Published on Monday, June 8, 2020

Caroline Murray’s interest in speech pathology started early and simmered until she was older.

“My little brother was a late talker,” she said. As an almost 6-year-old sister, she tagged along for his speech pathology visits and learned a bit of sign language.

She remembered that experience as she considered a career, shadowed a speech pathologist and entered school to work with children.

“Then I fell in love with the medical side of it,” she said.

At the University of Mississippi Medical Center, she works mostly with patients who have speech, voice and swallowing problems, including many with cancer, stroke or brain injuries.
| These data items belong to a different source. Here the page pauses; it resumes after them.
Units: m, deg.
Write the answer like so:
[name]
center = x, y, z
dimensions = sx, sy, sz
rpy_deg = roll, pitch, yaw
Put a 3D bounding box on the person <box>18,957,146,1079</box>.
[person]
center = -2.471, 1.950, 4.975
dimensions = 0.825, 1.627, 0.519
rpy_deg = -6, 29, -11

Her work involves far more than helping people speak. Since the mouth, tongue, throat are central to breathing, swallowing and speech, the therapy covers all three.

From the Cancer Center and Research Institute clinics at Jackson Medical Mall, she said, “The majority of the patients I see have laryngectomies, and many have tongue cancers too.”
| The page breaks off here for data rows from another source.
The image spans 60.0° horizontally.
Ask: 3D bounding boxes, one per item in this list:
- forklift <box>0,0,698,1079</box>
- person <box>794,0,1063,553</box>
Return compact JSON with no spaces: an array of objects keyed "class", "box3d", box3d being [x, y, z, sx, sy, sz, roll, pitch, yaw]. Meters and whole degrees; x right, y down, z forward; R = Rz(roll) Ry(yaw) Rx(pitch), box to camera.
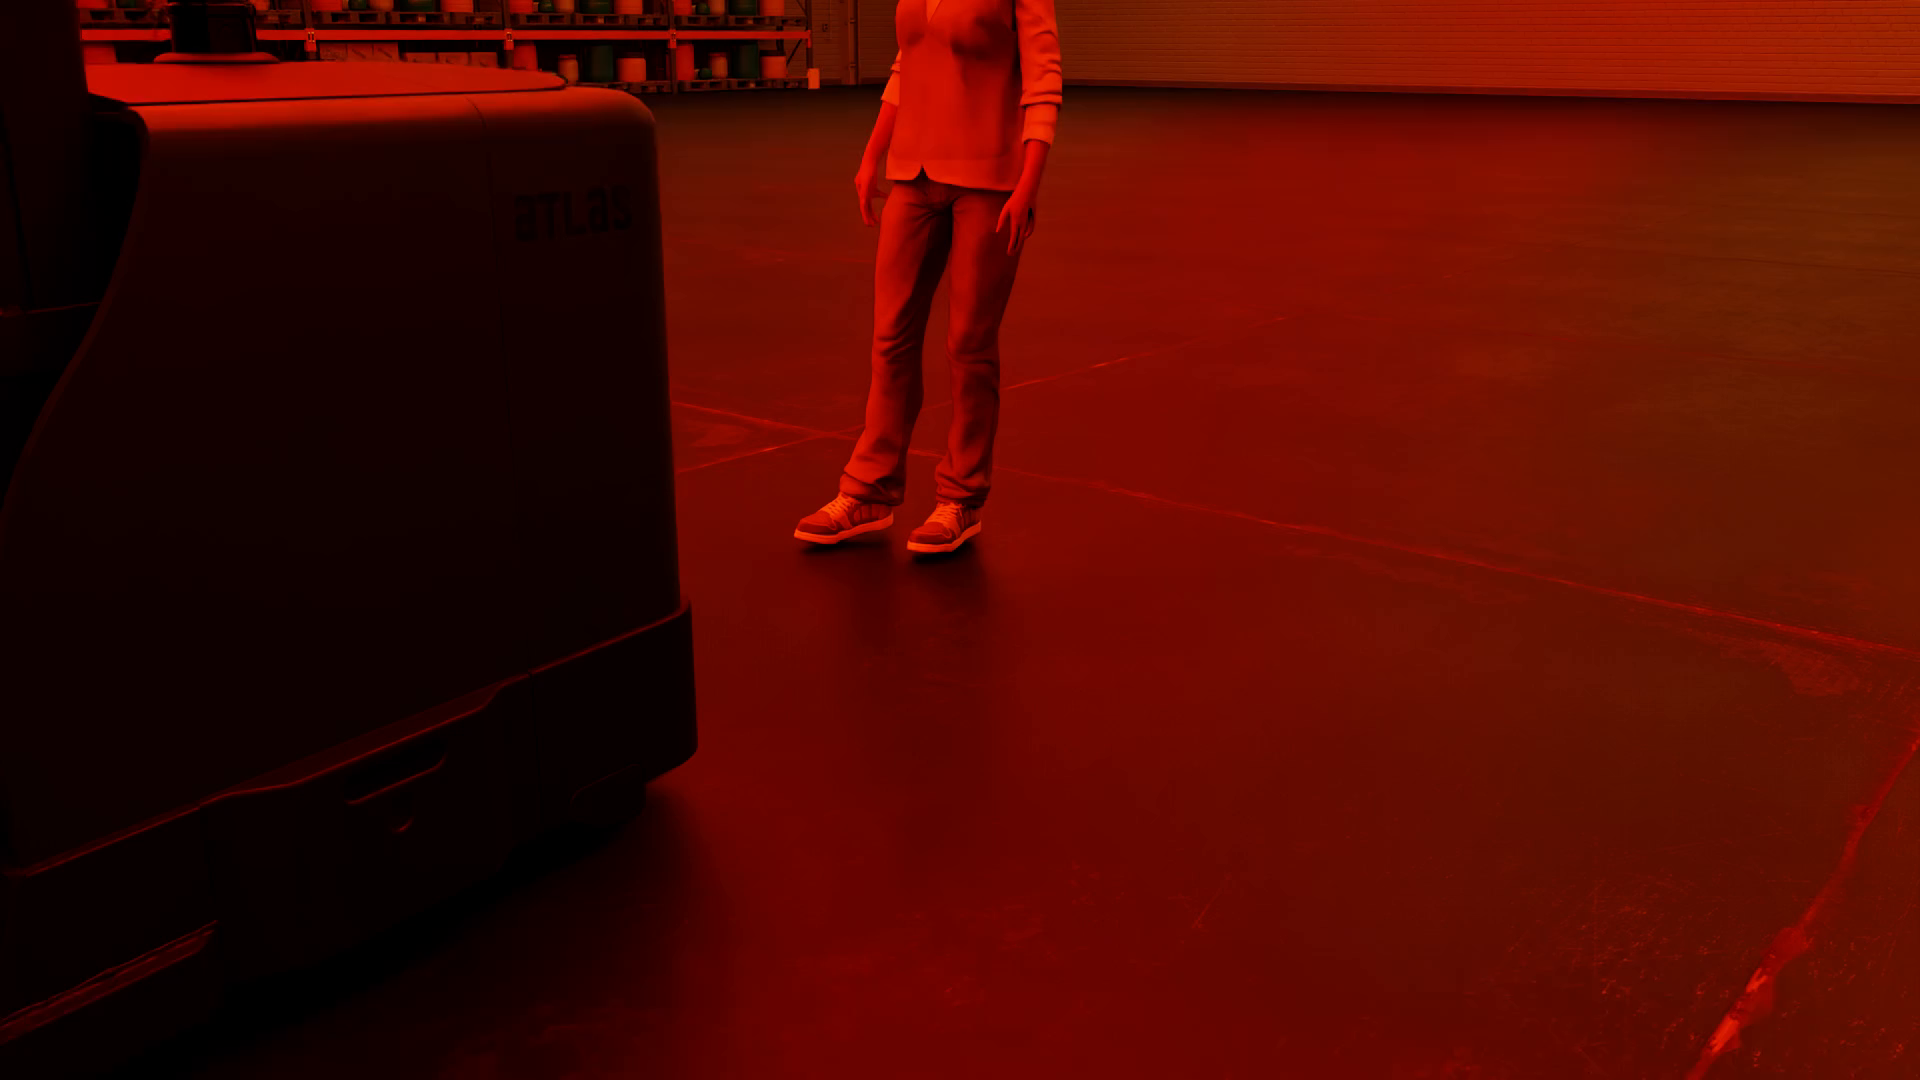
[{"class":"forklift","box3d":[-1.658,-0.735,1.317,1.130,2.935,3.031,11,20,33]},{"class":"person","box3d":[-0.059,-0.757,3.661,0.520,1.599,0.473,13,21,37]}]

Much of her work is with patients from the CCRI Interdisciplinary Head and Neck Oncology Program, centered in the Department of Otolaryngology clinic at JMM.
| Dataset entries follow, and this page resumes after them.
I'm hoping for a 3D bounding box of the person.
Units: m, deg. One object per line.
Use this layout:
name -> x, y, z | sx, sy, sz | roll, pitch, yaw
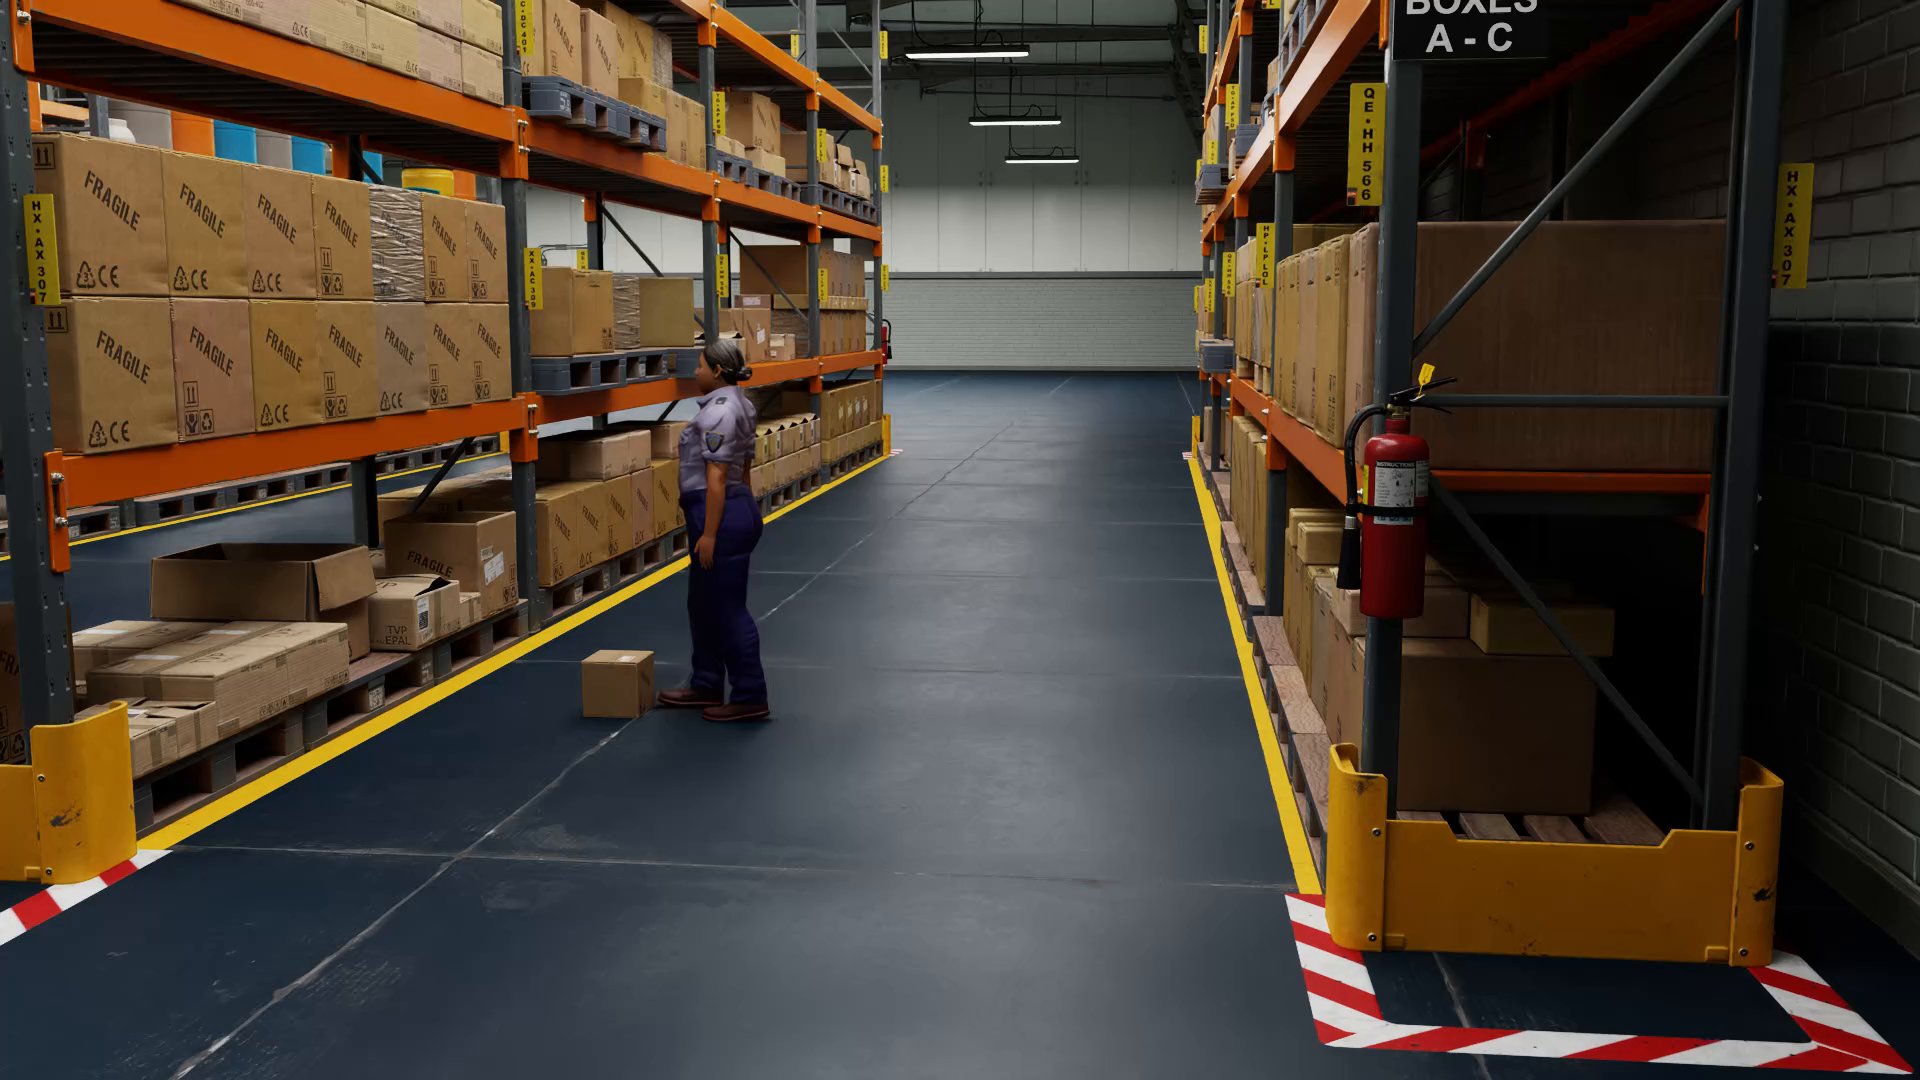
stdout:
person -> -1.092, -0.045, 7.213 | 0.561, 1.643, 0.477 | 1, 8, 7

“I see some chemo patients,” she said “A lot of times those patients will have dysphagia or difficulty swallowing during or after their treatment. The majority of patients I see have had some type of surgical resection to their mouth or throat.”

She also sees radiation therapy patients who may have swallowing difficulties.

When people have trouble swallowing, they may stop trying, leading to muscle atrophy and a bigger impediment to regain an action most people take without thought.

Murray works with the knowledge that helping restore speech and swallowing helps restore quality of life and can make social experiences less intimidating for patients.

“Eating is a very social thing. We meet friends, family for drinks, for dinner. A lot of patients want to shy away from those experiences and that can make people more likely to be depressed and isolated,” she said.  

Dr. Gina Jefferson, a surgeon who heads the Head and Neck Oncology Program, said Murray works to educate and provide therapy so patients get the most from their treatment. “She understands the direct quality of life implications that dysphagia and dysarthria pose,” Jefferson said. 

Josephine Alston, chief of the Division of Speech Language Pathologists and clinical director of the UMMC Voice and Swallowing Center, called Murray an outstanding speech language pathologist.

“She is a most knowledgeable expert when it comes to cancer-related swallowing and voice concerns,” Alston said. 

“Most people don’t realize the impact of being able to give someone the ability to voice, communicate or to eat again after surgery,” Alston said. “This therapy she provides is vital in their rehabilitation and allows them continued enjoyment in life and emotional well-being as they navigate through the healing process in their cancer journey.  Caroline is a champion for these patients to regain these skills to make them feel whole again, and they all sing her praises.”

Just as Murray’s family accompanied her brother to sessions, she welcomes family who come with her patients.

“When patients know their families are on board and can understand what’s going on it helps so much at home with prescribed exercises and what the patient needs,” she said. Despite visitor restrictions during the coronavirus pandemic, she has worked to keep those channels open.

Part of her work includes working with patients whose larynx, or voice box, has been removed, usually as a result of cancer.

Surgeons may implant a device to enable speech for those who no longer have a speech box. It’s her job to help the patient learn to use it.

“Usually for two to three weeks they can’t talk,” she said. When she meets with them to introduce the mechanism, she instructs them to finally say what they want to their family.

“They almost always say, ‘I love you,’ and it’s such a heartwarming moment,” she said.

Losing such essential functions is isolating and even scarier when a cancer diagnosis is involved, she said.
“That’s what I love about working with this population.Educating and sharing our knowledge is so helpful.”

Outside work, the Kansas native said she loves outside activities and misses riding horses, a mainstay of her childhood. When her parents moved to Mississippi, she sought an externship at UMMC and stayed.